Records from a data collection:
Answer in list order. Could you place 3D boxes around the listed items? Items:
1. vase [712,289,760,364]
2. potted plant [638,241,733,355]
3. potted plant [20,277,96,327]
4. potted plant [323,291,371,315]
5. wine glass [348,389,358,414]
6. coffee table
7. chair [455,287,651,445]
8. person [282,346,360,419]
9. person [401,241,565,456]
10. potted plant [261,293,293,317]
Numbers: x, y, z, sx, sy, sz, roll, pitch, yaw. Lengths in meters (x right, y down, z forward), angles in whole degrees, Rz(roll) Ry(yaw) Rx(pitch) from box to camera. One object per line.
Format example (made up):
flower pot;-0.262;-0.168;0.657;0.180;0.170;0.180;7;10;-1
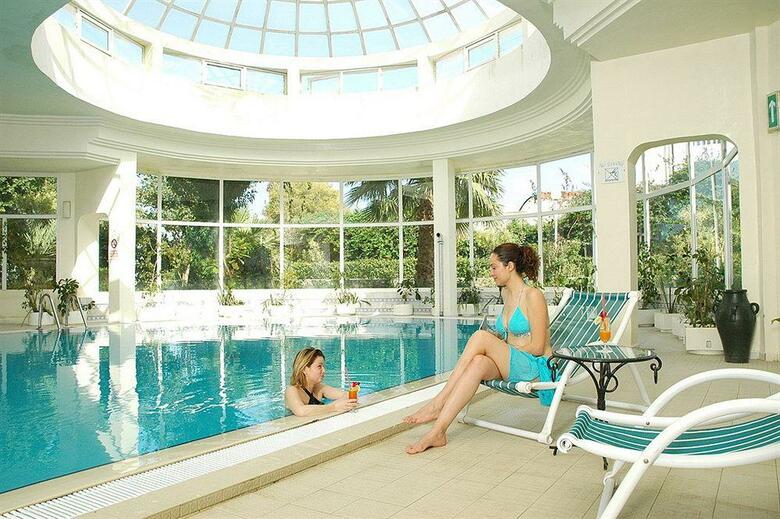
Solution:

= Work to be completed =
For each line above that contains the word "potted", make a copy.

= Response box =
2. potted plant [638,241,733,355]
3. potted plant [20,277,96,327]
4. potted plant [323,291,371,315]
10. potted plant [261,293,293,317]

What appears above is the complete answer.